INFORMATION SUPPLIED:
________

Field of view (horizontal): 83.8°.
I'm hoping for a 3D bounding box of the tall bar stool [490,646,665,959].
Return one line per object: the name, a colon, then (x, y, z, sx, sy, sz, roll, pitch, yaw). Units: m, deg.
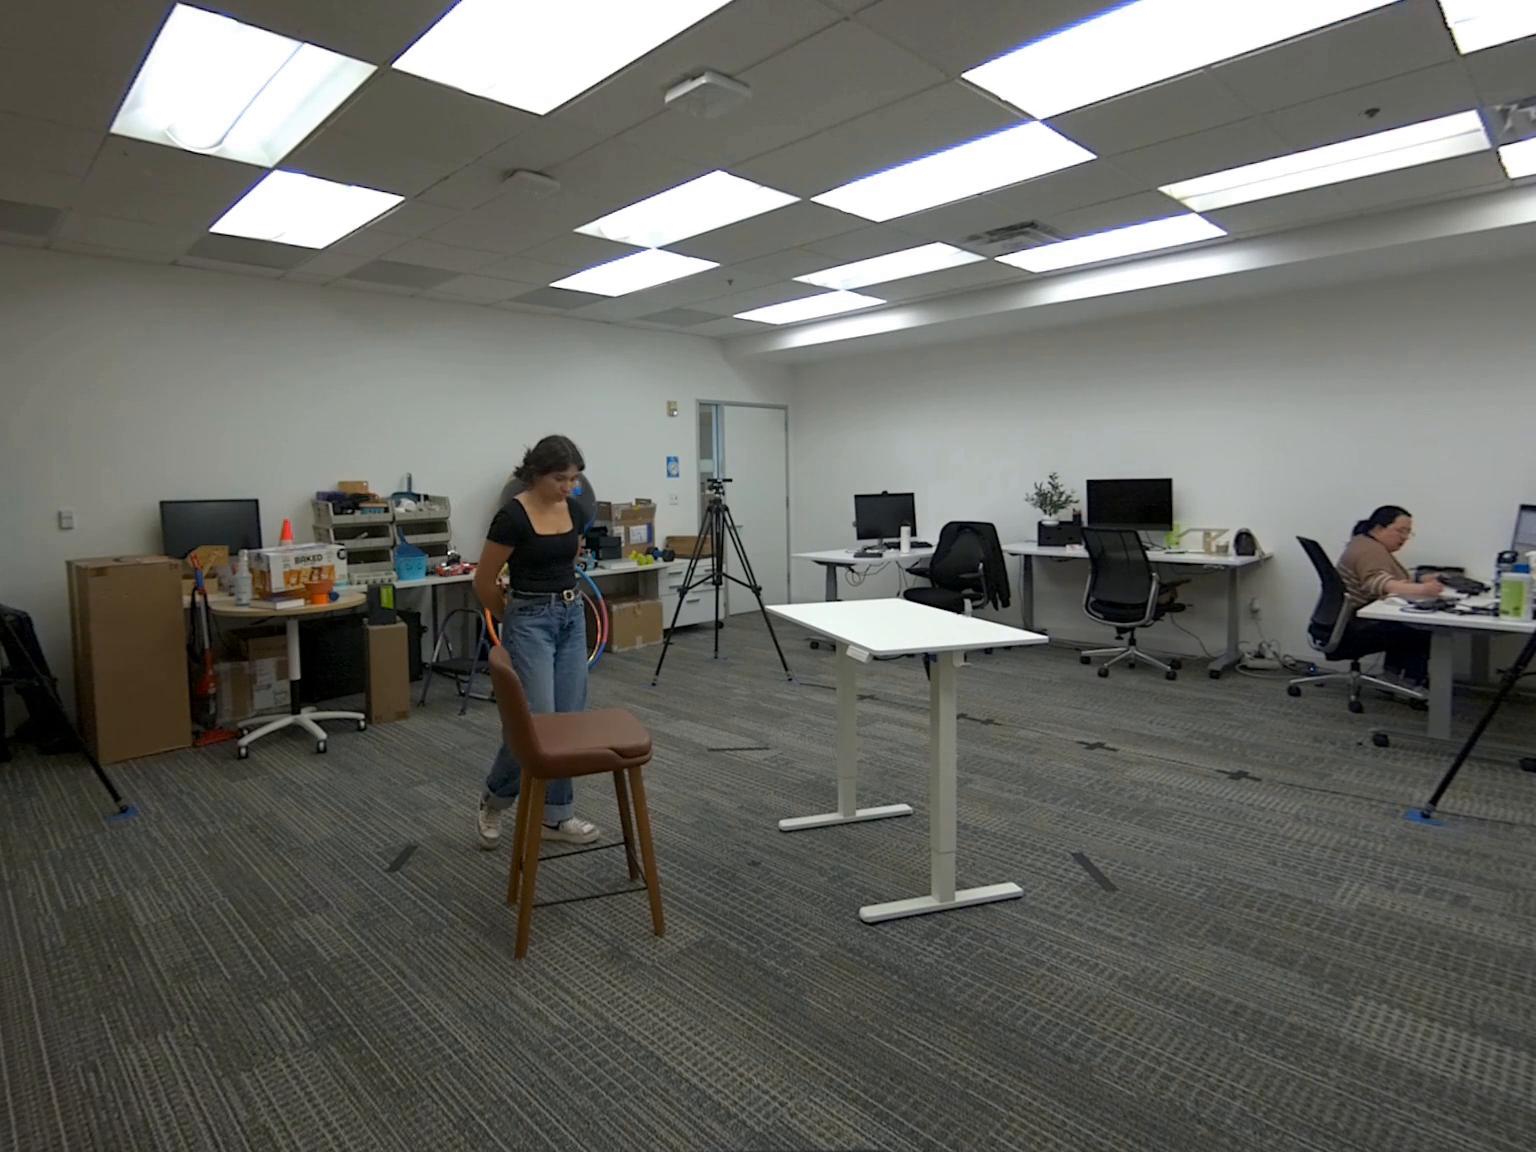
tall bar stool: (-0.602, 0.665, 2.721, 0.460, 0.886, 0.466, -4, 5, -19)

________

REQUIREMENT: Make an exact copy of the lines from the one holding "I'm hoping for" through the end of the material, both ends included, and keep the pictures out of it.

SOLUTION TO THE PROBLEM:
I'm hoping for a 3D bounding box of the tall bar stool [490,646,665,959].
Return one line per object: the name, a colon, then (x, y, z, sx, sy, sz, roll, pitch, yaw). Units: m, deg.
tall bar stool: (-0.602, 0.665, 2.721, 0.460, 0.886, 0.466, -4, 5, -19)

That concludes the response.